It is pertinent to ask at this point whether a generationally stable state of reproducible successions is ever to be expected. Early work proposed that community assembly might be chaotic, so that communities that are seeded with slightly different initial compositions (due to unavoidable random sampling) would diverge in both composition and function over time (104). Enrichment experiments with multiple replicates [which are the equivalent of a no-selection control in artificial selection experiments (19, 111)] have found, however, that community assembly is not chaotic (30): Replicate habitats that were seeded from the same inoculum generally adopted a discrete set of alternative (generationally) stable states (30, 39). These experiments have mapped the basin of attraction of stable states in self-assembled communities and even found stochastic transitions among them (30, 109). Other studies with synthetic or bottom-up communities have similarly found evidence of dynamical multistability in microbial communities (4, 20, 23, 36). Because different stable community states contain different species, they may also differ in a range of community-level properties and functions (37). These studies, along with related theoretical work (26), support the idea that the structure–function landscape is more than a convenient metaphor and that, despite its limitations (see the section titled Appendix: The Structure–Function Landscape and above), it is a practical and useful tool to help us think through the process of directed evolution of biological systems above the organism.

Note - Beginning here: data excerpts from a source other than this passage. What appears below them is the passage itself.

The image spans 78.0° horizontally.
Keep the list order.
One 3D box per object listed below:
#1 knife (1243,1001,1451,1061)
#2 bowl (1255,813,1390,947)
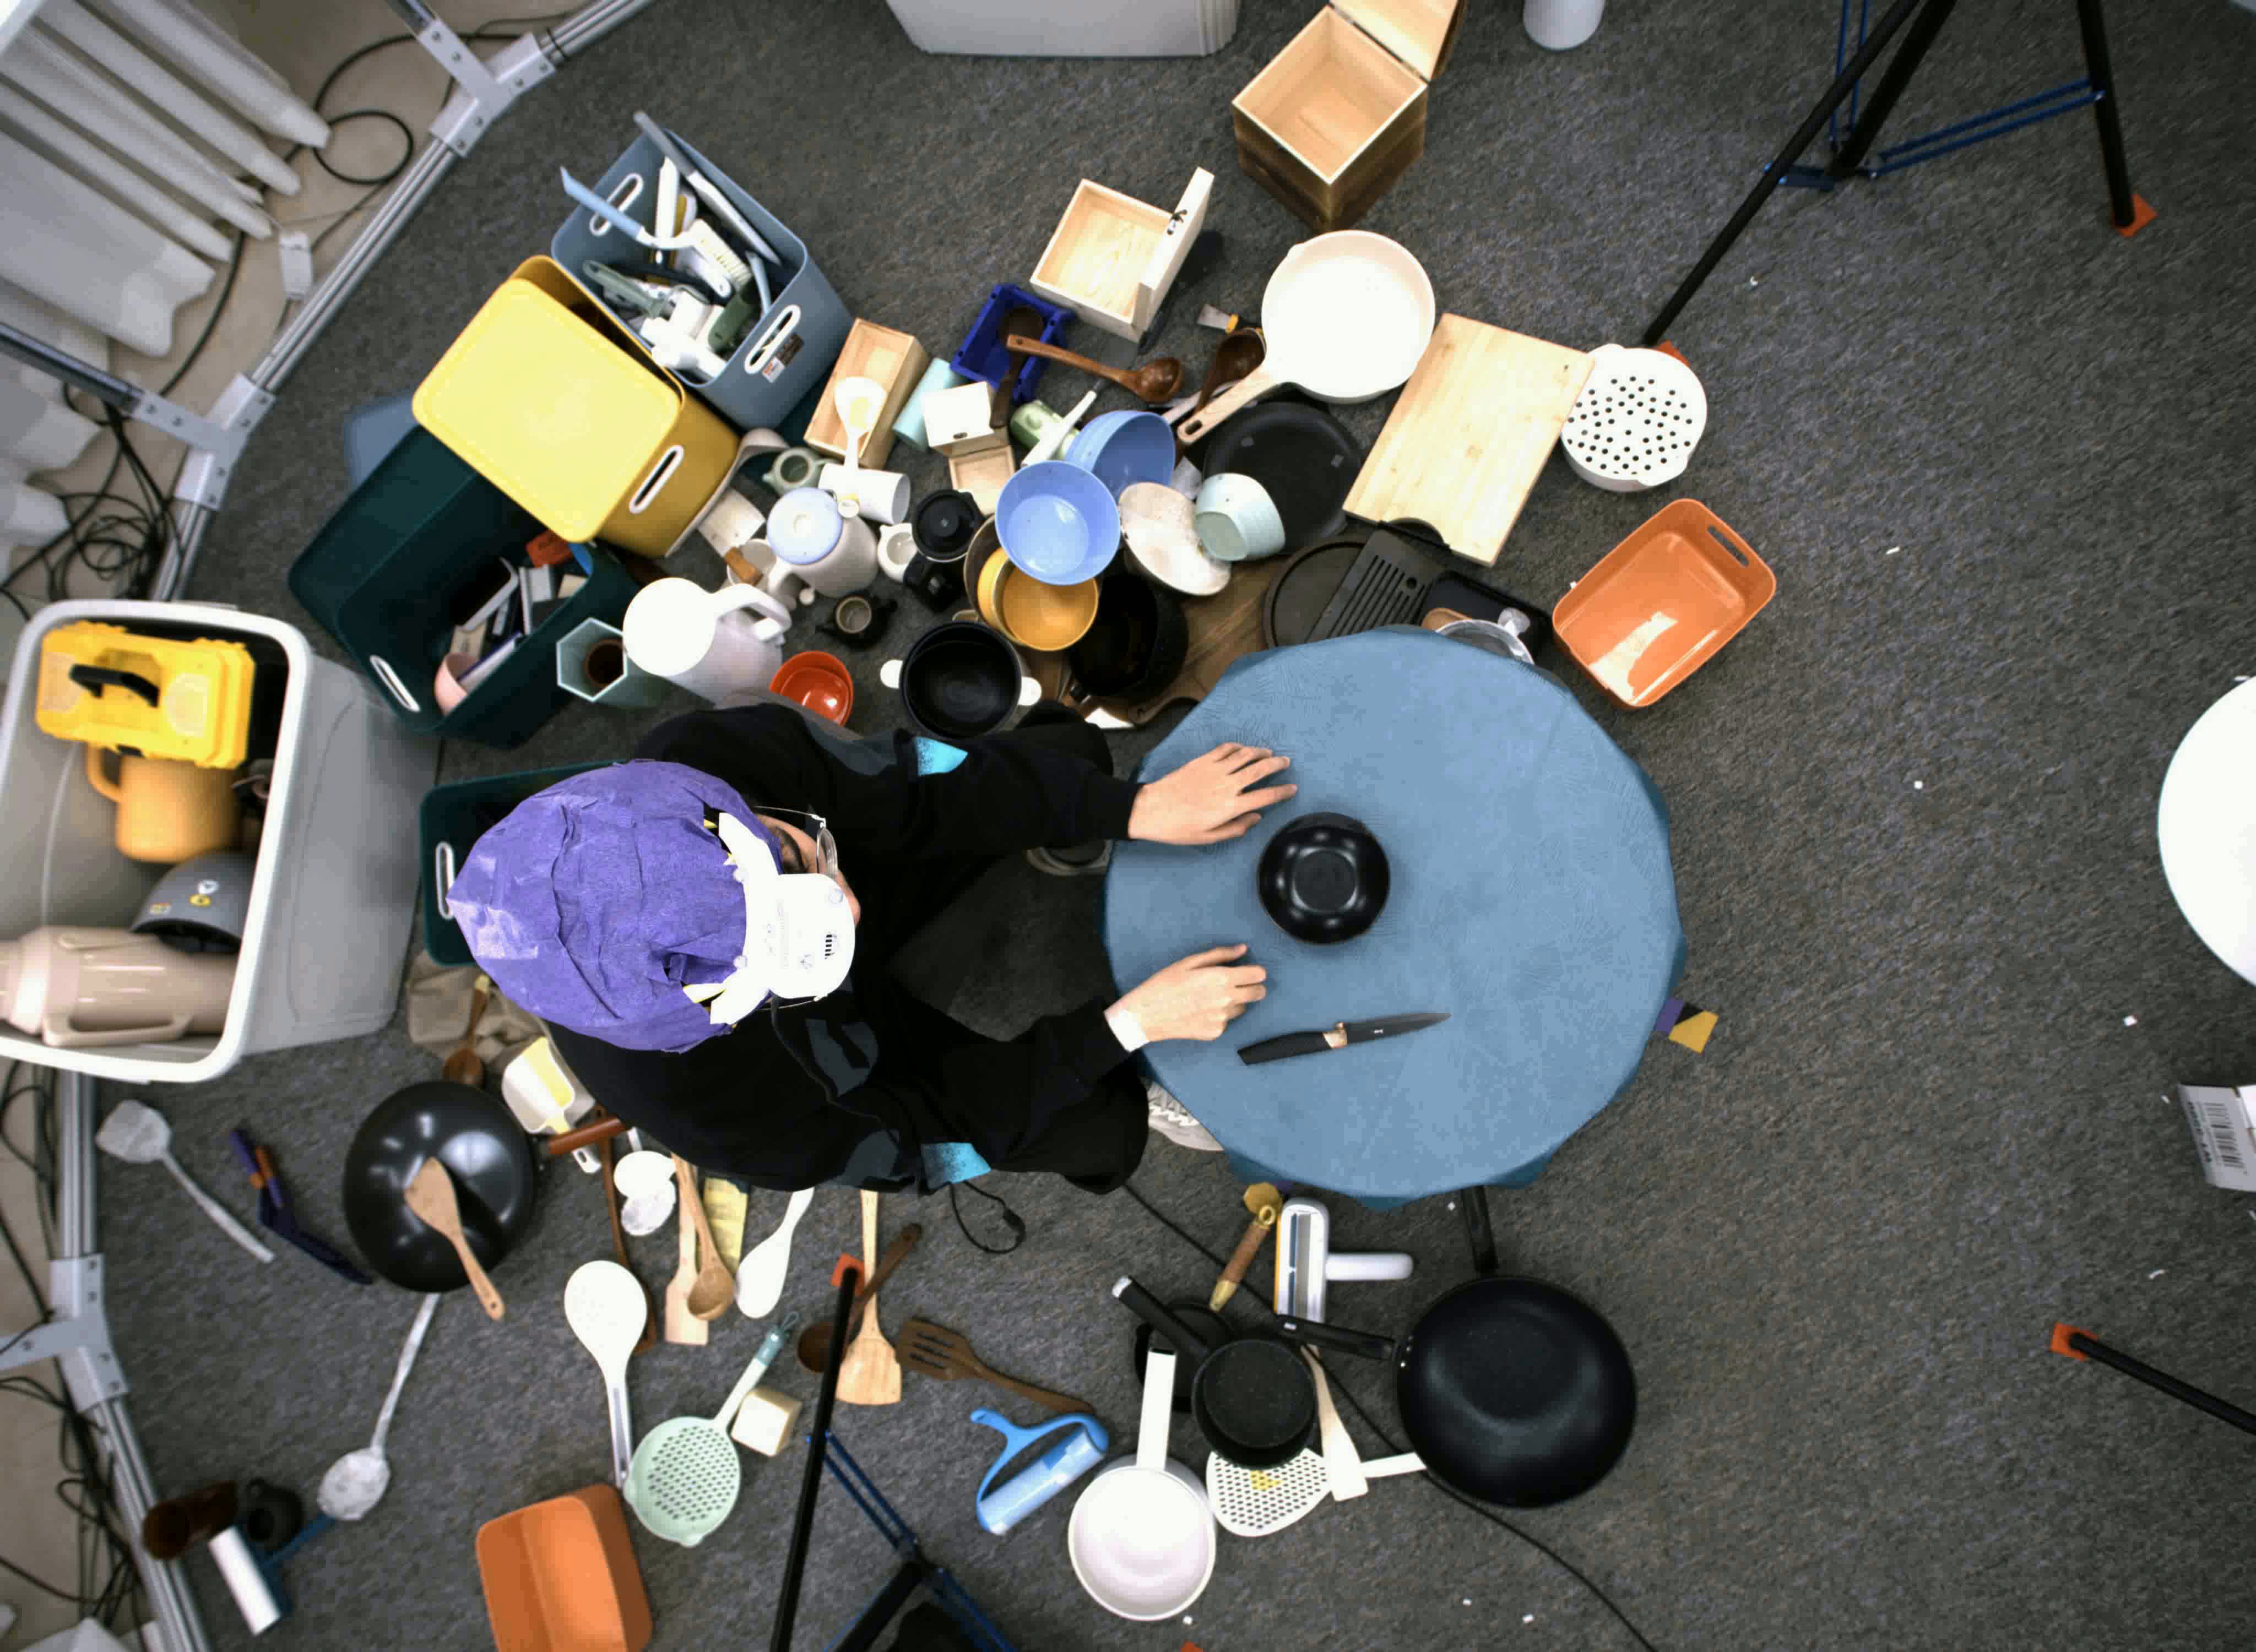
[{"bbox_3d":[0.230,0.214,1.454,0.226,0.017,0.026,-13,81,8],"label":"knife"},{"bbox_3d":[0.205,0.056,1.451,0.141,0.049,0.139,-1,89,14],"label":"bowl"}]

Directed Evolution of Microbial Communities: Methods to Explore the Ecological Structure–Function Landscape

At the community level, directed evolution would start by creating a library of generationally stable communities that differ from each other in the collective, community-level trait under selection. The fittest community is then selected and used to generate a new library of proximal compositional variants. Those variants are propagated by serial batch culture until they are generationally stable, and the fittest among these is again selected so that the process can be iterated as many times as needed (Figure 3a). A key step in the development of directed evolution for protein and network engineering has been the invention of methods for gene diversification, which enable the exploration of the fitness landscape of the system under selection (74). If we wish to apply directed evolution to microbial communities, we should similarly ask how exactly we can generate a library of compositional variants of a selected community. Many ideas and methods have been already tested empirically in enrichment-based approaches for the top-down engineering of microbial communities (22, 38, 56, 60, 62, 77, 127). Below, we discuss these and a few other possibilities (19).

Horizontal gene transfer and mobile elements.

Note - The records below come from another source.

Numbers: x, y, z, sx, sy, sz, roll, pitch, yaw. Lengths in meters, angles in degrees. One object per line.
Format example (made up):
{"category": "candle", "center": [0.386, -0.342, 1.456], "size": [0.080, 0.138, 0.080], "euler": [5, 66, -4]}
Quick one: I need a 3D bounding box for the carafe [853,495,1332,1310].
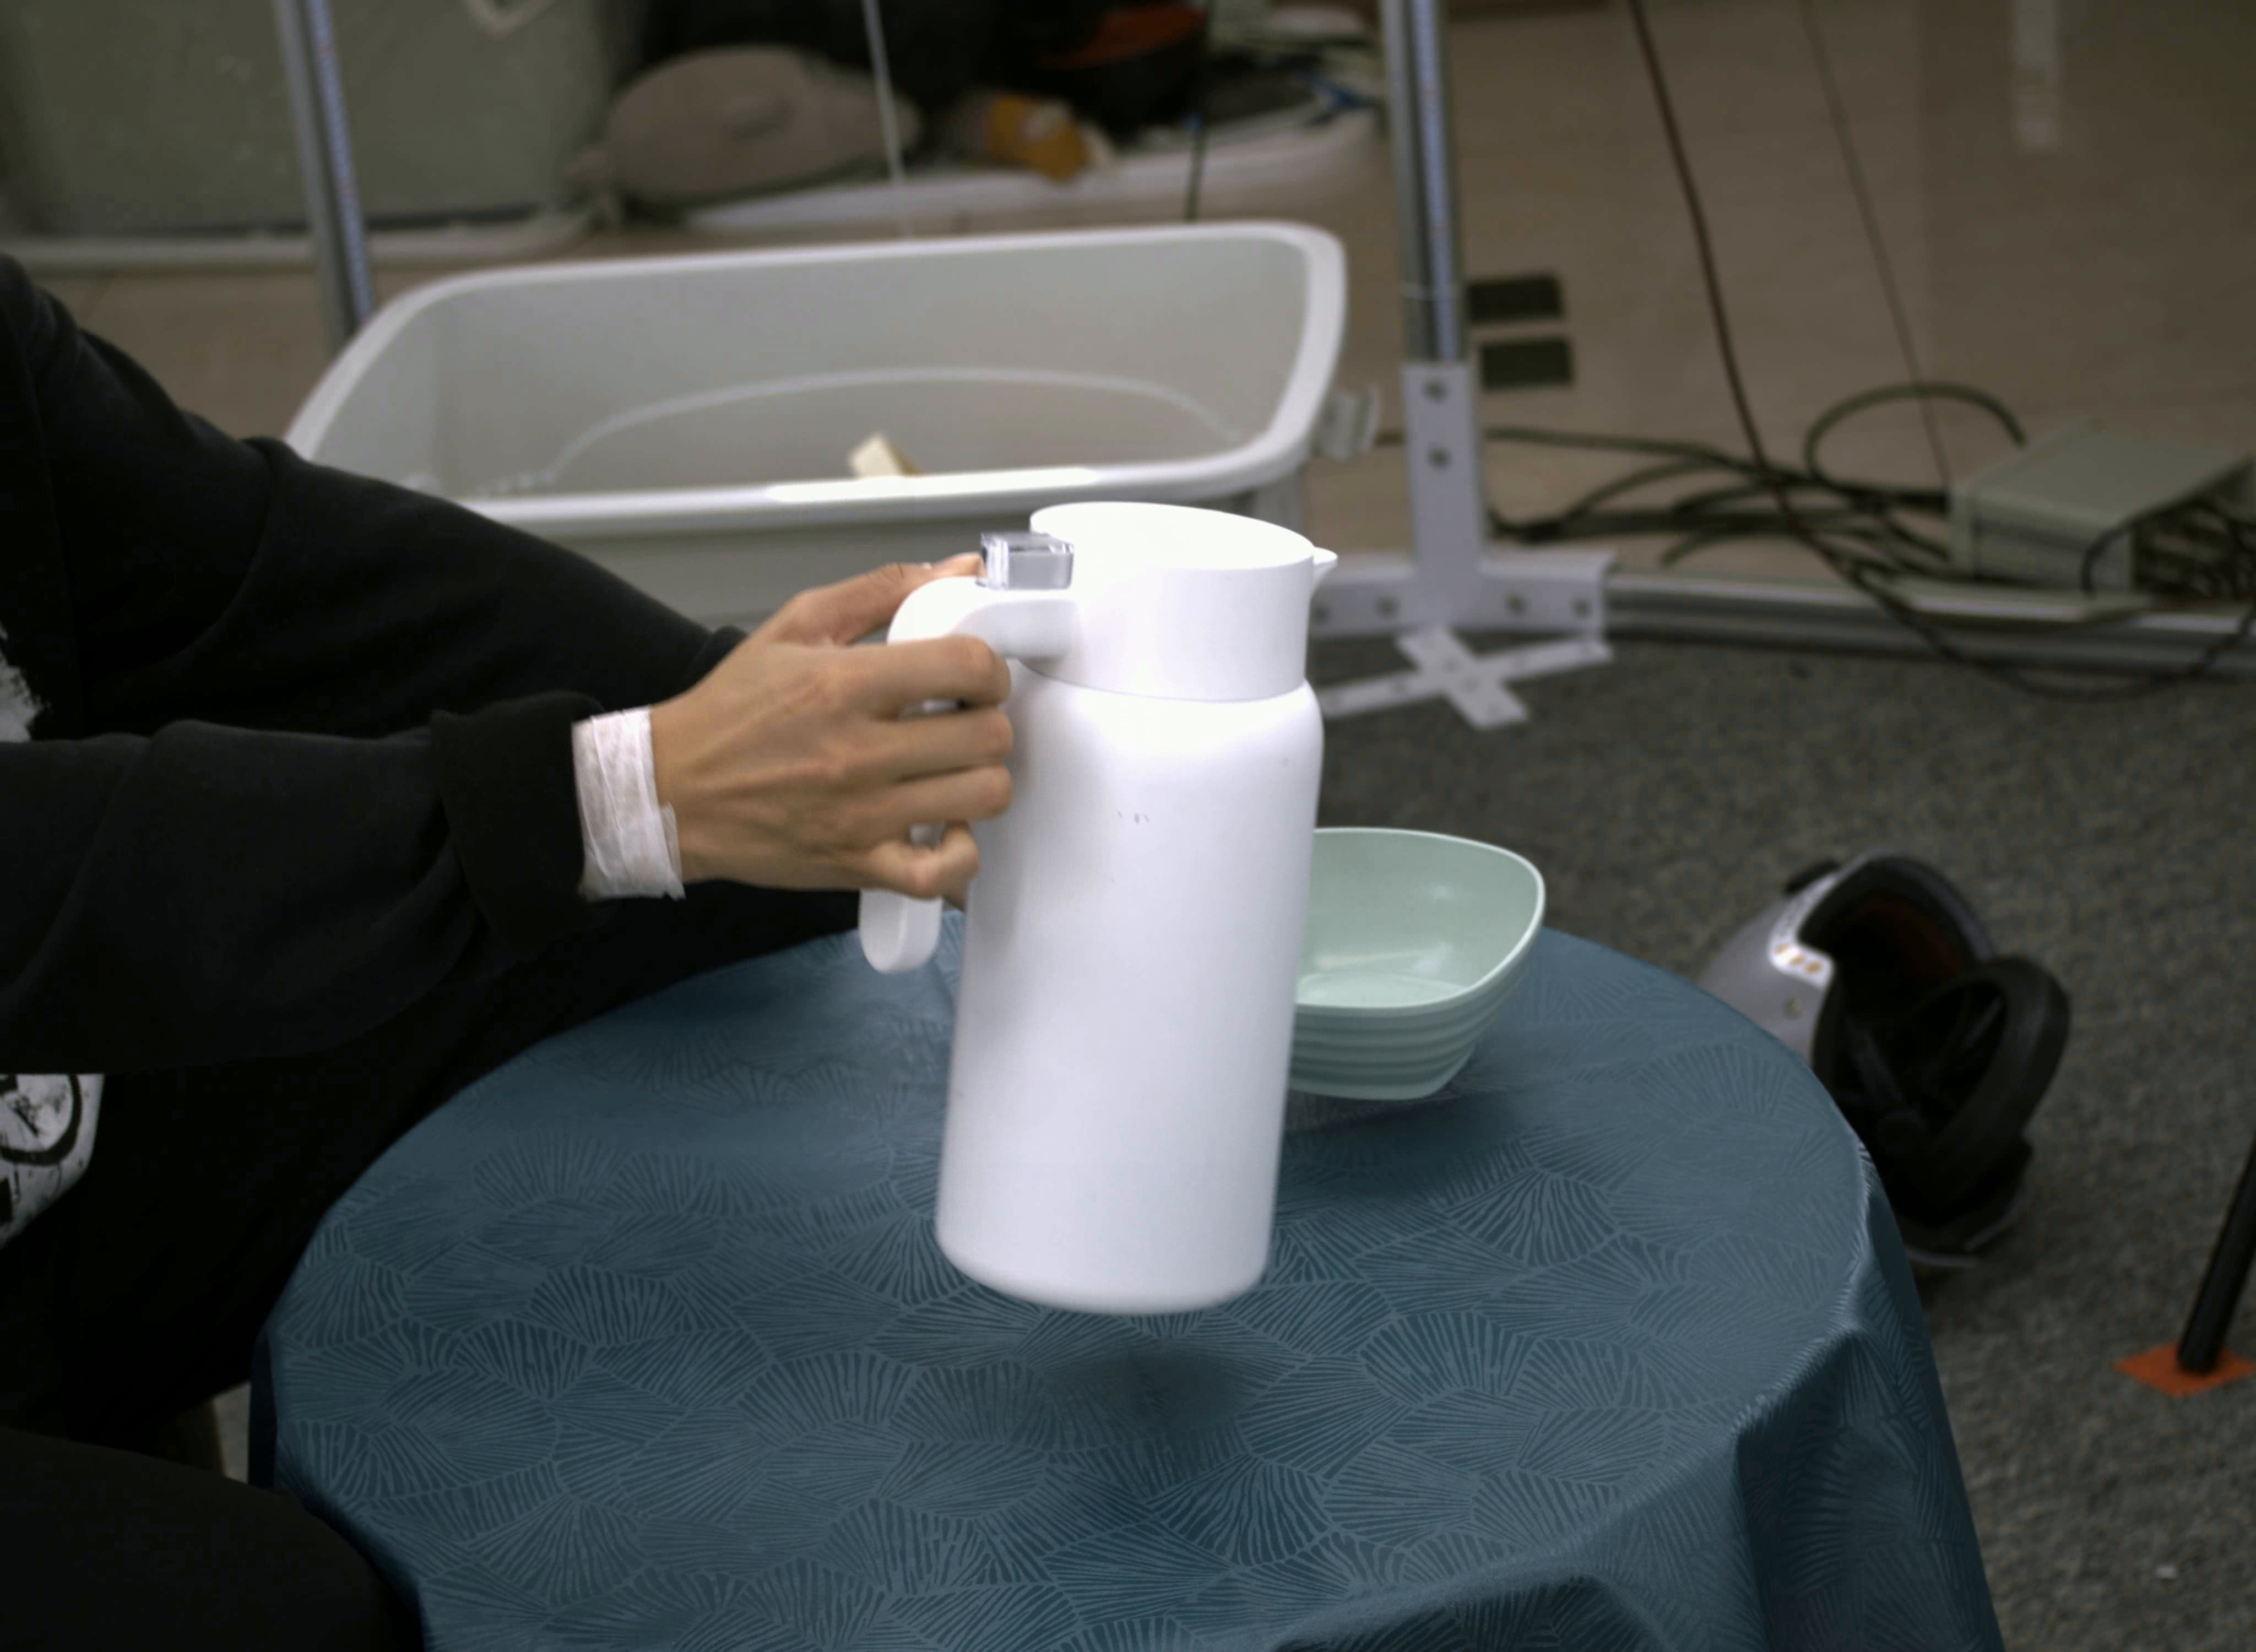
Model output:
{"category": "carafe", "center": [-0.014, 0.027, 1.943], "size": [0.172, 0.272, 0.122], "euler": [-4, 21, -35]}

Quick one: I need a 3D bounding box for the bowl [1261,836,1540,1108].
{"category": "bowl", "center": [0.088, 0.062, 2.181], "size": [0.151, 0.059, 0.149], "euler": [-4, 29, 2]}

Mobile elements can create new strains whose contribution to community-level functions may differ from those of their ancestor (Figure 3a). This suggests that adding mobile elements (e.g., bacteriophages and plasmids) to different communities in a metacommunity may stochastically lead to the appearance of new strains in the community and, therefore, to between-community variation in function. In a recent study, Quistad et al. (78) transplanted mobile elements from one community to another, and this process led to genetic changes (e.g., amplification of genes involved in nitrogen metabolism) in the recipient species. These genetic changes were associated with functional changes at the community level (e.g., biochemical rates of ammonification), demonstrating that stimulated species-level evolution can be a means to create compositional and functional variants of a successful community. More targeted tools to deliver plasmids to a stable microbiome by horizontal gene transfer have been developed in recent years (91).

Coalescence.

A library of variants of the selected community may also be created by coalescing the selected, stable community with each of the nonselected ones (68, 86, 87, 99) (Figure 3b). Multiple theoretical and empirical lines of evidence show that mixing two communities together produces a new offspring community that resembles both of its parents both in composition and function (99, 105).

Horizontal migration.

Randomly sampled species from one or more natural species pools could be dded to the community to generate proximal variants (Figure 3c). These invasive species may displace some of the resident taxa or augment the community by fixing without driving others extinct (61). Even those species that do not fix may, in principle, push a community to an alternative state (4).

Selective knockins.

Species that are deemed to have a beneficial effect on the selected function can be selectively added one at a time to the community, thus generating a library of compositional variants (Figure 3d). To ensure that this added species will not be outcompeted by the resident species, an exclusive metabolic niche (i.e., a nutrient that the added species may utilize but that most members in the invaded community do not) could be supplied together with the added species (96).

Bottlenecking.

Variants of a selected community can be generated by subjecting it to multiple harsh bottlenecks, an approach known as dilution-to-extinction (22, 35, 53, 56, 62) (Figure 3e). If a sufficiently low number of cells is sampled from the community during each bottleneck, then the inherent sampling stochasticity will ensure that each of the variants will have a different community composition (56). The specific bottleneck size that will maximize functional variation between compositional variants can be determined empirically, as it is a function of the population size (19, 53).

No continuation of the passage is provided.